For more information about using Ertapenem SUN, see the package leaflet or contact your doctor or pharmacist.

The active substance in Ertapenem SUN, ertapenem, belongs to the group of antibiotics known as ‘carbapenems’. It attaches to certain proteins on the bacteria cells. This upsets the essential functions that keep these cells alive, and so kills the bacteria. Ertapenem SUN can work on a range of different bacteria.

Studies on the benefits and risks of the active substance in the authorised use have already been carried out with the reference medicine, Invanz, and do not need to be repeated for Ertapenem SUN.

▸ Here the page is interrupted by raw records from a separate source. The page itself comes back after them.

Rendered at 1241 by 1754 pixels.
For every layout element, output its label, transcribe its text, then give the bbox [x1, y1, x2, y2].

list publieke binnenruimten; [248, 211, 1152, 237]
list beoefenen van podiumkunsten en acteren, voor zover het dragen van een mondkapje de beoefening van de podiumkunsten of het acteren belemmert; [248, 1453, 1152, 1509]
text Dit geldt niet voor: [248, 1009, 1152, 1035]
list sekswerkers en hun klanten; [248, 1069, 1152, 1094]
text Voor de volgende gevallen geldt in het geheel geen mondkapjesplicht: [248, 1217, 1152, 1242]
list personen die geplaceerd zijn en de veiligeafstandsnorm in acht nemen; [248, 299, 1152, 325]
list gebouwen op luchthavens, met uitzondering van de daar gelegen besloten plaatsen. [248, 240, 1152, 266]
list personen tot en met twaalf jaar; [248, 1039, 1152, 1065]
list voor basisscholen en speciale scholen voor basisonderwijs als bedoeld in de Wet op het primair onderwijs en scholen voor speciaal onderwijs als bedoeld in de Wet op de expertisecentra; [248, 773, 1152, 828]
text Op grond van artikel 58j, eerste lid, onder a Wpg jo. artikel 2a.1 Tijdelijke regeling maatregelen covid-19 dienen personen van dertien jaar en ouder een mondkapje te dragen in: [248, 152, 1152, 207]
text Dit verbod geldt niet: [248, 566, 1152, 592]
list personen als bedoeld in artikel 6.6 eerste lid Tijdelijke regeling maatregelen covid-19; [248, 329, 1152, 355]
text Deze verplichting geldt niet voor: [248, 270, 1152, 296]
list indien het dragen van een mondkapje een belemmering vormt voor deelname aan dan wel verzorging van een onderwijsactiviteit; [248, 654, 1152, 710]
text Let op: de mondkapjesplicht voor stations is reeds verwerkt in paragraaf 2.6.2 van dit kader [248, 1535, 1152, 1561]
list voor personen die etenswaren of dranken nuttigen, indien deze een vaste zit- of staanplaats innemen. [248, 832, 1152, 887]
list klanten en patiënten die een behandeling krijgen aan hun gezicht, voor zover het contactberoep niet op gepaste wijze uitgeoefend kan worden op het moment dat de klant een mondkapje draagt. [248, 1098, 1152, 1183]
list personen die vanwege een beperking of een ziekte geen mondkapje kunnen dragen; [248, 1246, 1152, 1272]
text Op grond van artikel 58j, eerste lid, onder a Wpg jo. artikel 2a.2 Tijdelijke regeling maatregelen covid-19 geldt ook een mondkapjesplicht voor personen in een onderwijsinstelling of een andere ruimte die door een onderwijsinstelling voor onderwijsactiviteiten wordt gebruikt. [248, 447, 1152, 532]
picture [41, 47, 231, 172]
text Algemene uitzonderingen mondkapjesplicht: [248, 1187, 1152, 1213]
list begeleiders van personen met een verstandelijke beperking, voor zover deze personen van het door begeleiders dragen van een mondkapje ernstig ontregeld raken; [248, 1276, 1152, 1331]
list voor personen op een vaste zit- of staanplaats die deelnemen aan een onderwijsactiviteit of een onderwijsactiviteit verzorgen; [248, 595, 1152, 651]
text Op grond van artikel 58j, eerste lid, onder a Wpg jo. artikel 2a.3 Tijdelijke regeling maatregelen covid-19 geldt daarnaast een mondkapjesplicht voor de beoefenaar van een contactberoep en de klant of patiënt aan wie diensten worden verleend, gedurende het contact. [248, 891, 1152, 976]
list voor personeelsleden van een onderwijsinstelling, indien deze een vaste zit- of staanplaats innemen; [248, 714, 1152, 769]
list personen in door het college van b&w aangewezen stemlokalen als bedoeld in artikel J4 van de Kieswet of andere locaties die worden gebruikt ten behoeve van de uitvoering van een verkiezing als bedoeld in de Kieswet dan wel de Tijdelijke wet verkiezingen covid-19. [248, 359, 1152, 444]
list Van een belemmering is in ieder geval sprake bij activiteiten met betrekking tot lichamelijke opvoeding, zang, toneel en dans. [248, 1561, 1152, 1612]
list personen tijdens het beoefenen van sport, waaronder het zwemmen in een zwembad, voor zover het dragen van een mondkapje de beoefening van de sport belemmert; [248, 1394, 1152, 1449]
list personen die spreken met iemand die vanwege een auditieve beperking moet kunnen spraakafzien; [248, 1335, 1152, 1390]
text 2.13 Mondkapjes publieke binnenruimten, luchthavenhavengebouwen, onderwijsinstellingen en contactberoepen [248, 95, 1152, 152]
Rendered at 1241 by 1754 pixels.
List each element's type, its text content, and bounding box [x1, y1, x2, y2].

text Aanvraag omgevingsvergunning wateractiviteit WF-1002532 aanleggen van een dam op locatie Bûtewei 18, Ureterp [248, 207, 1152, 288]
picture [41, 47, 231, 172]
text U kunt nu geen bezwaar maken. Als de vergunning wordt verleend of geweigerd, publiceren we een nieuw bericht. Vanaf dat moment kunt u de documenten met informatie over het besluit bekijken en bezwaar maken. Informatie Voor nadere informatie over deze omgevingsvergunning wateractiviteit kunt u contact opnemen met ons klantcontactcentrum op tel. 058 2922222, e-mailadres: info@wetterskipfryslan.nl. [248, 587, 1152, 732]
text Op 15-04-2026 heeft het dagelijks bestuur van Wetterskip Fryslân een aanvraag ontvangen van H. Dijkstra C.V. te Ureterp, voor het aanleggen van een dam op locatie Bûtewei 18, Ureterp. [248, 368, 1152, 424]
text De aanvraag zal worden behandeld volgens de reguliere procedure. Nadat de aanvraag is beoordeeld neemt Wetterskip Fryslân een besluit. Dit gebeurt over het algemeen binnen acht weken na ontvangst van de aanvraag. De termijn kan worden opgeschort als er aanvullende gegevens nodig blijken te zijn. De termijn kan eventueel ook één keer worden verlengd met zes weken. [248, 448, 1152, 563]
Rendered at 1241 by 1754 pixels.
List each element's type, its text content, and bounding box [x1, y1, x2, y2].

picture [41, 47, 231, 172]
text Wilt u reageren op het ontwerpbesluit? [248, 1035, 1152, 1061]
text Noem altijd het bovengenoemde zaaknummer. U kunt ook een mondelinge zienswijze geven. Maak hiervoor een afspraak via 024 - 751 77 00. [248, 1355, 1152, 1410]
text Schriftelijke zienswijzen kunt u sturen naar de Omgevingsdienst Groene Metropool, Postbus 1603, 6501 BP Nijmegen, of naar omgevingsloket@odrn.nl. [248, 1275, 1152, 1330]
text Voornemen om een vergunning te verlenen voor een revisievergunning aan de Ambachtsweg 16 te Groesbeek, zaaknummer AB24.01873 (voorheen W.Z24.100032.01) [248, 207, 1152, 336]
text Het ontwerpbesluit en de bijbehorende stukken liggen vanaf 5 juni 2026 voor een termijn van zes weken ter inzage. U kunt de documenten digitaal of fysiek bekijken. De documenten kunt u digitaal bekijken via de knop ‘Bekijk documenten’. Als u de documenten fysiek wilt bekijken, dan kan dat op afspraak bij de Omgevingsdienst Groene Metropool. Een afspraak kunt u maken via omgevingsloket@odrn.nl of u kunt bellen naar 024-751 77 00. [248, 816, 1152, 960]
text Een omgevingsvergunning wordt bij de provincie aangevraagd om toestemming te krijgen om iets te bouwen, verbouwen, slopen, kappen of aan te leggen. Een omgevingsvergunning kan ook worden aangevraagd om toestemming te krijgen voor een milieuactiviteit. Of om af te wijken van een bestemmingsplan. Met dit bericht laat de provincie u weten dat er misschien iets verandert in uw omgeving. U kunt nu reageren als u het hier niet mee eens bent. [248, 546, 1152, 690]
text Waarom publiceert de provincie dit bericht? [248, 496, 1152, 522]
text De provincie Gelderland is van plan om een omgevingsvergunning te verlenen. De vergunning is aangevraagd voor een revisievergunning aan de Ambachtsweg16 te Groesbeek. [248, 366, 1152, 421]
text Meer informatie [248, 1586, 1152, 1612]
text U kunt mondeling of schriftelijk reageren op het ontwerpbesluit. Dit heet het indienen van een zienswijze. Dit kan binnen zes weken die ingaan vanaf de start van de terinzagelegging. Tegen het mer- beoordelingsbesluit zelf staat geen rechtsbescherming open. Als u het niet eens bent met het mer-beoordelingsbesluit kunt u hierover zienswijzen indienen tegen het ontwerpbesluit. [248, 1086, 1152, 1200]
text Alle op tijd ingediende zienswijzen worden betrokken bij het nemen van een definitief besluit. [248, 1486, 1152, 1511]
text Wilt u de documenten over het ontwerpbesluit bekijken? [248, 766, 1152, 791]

As for every medicine, the company provided studies on the quality of Ertapenem SUN. There was no need for ‘bioequivalence’ studies to investigate whether Ertapenem SUN is absorbed similarly to the reference medicine to produce the same level of the active substance in the blood. This is because Ertapenem SUN is given by infusion into a vein, so the active substance is delivered straight into the bloodstream.

Because Ertapenem SUN is a generic medicine and is bioequivalent to the reference medicine, its benefits and risks are taken as being the same as the reference medicine’s.

The European Medicines Agency concluded that, in accordance with EU requirements, Ertapenem SUN has been shown to have comparable quality and to be bioequivalent to Invanz. Therefore, the Agency’s view was that, as for Invanz, the benefits of Ertapenem SUN outweigh the identified risks and it can be authorised for use in the EU.

Recommendations and precautions to be followed by healthcare professionals and patients for the safe and effective use of Ertapenem SUN have been included in the summary of product characteristics and the package leaflet.

As for all medicines, data on the use of Ertapenem SUN are continuously monitored. Suspected side effects reported with Ertapenem SUN are carefully evaluated and any necessary action taken to protect patients.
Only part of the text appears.